Dr. Luther L. Terry, 73, who as surgeon general of the United States from 1961 to 1965 was responsible for the historic government report linking cigarette smoking to heart disease and cancer, died of congestive heart failure March 29 at a hospital in Philadelphia.

On Jan. 11, 1964, Dr. Terry and a 10-member jury of experts presented the findings of its study on the hazards of smoking. The findings were compiled in a 387-page "Report of the Surgeon General's Advisory Committee on Smoking and Health" that was regarded as sweeping and unyielding.

The panel concluded, after 15 months of deliberation, that cigarette smoking causes lung cancer, beyond a scientific doubt, and poses a major risk of heart disease, arteriosclerosis, emphysema and chronic bronchitis. The conclusions seemed to confirm the worst fears of all previous researchers.

The panel's study concluded that the smoking problem was a matter of "national concern."

In 1965, at Dr. Terry's urging, Congress required tobacco companies to stamp each pack of cigarettes with a warning that reads "The surgeon general has determined that cigarette smoking is dangerous to your health." In 1971, Dr. Terry helped obtain a ban on cigarette ads on radio and television.

In an interview with The Washington Post last year, Dr. Terry recalled his famous report. "The immediate impact was really quite bombastic. It really shook things up for the first time, even though the evidence had been accumulating for quite a few years," he said.
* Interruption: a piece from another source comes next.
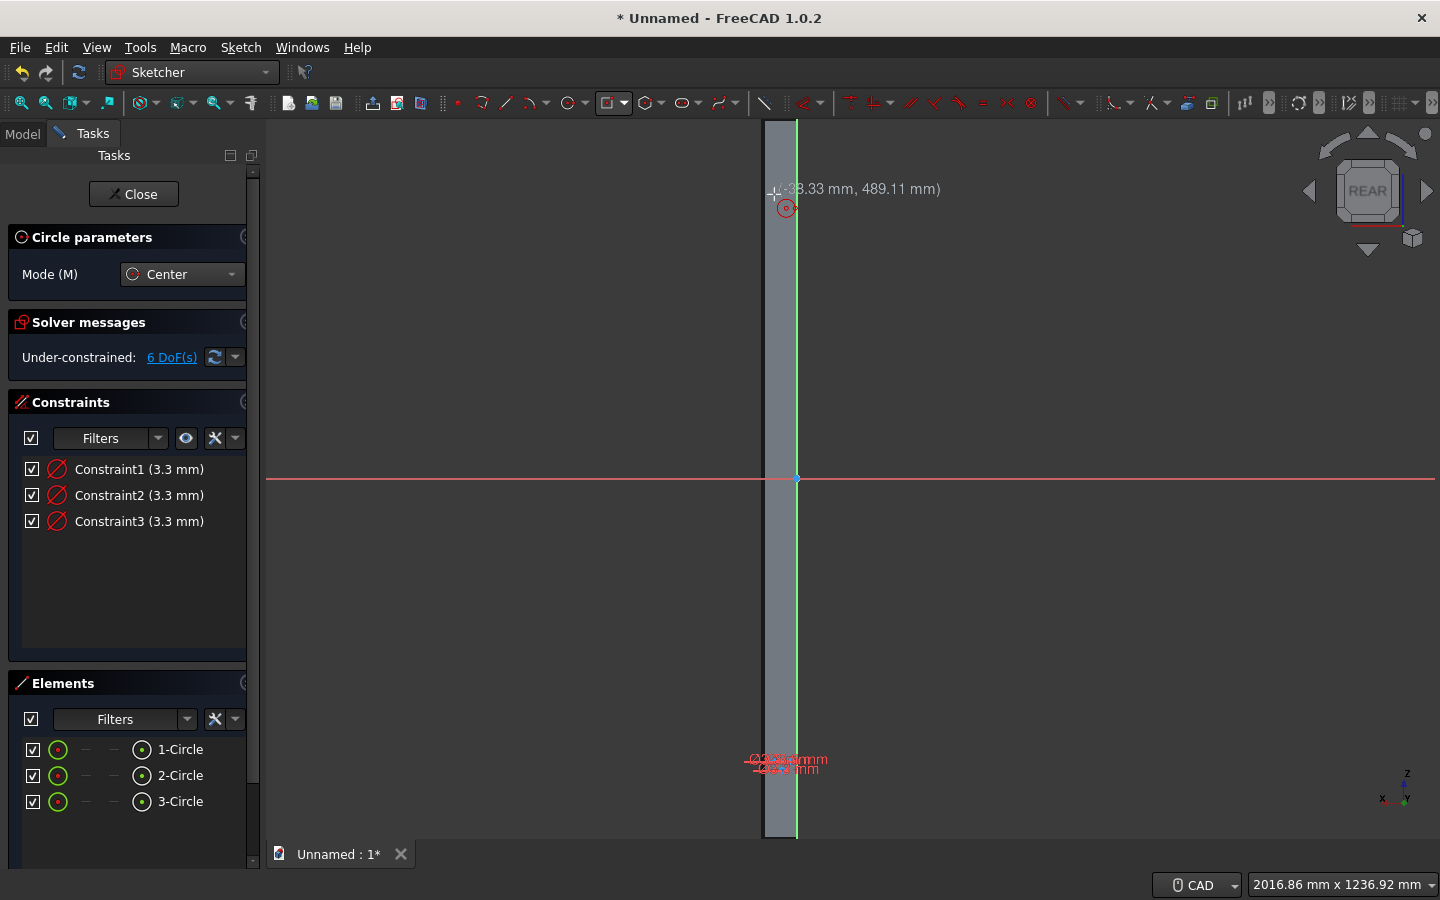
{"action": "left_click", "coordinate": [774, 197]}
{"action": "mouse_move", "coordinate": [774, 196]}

He also described the report as "probably having the greatest impact of any government report ever issued."

Headlines speeded news of the report throughout the world, and national antismoking campaigns took heart. Such campaigns led to health warnings being displayed on cigarette packages and advertising products, and they were to change Americans' personal smoking habits and affect national health and agriculture policy. A 1984 government study revealed that while 42 percent of Americans smoked cigarettes in 1964, 33 percent did in 1984. The decline was most marked among men -- down from 52 percent to 38 percent.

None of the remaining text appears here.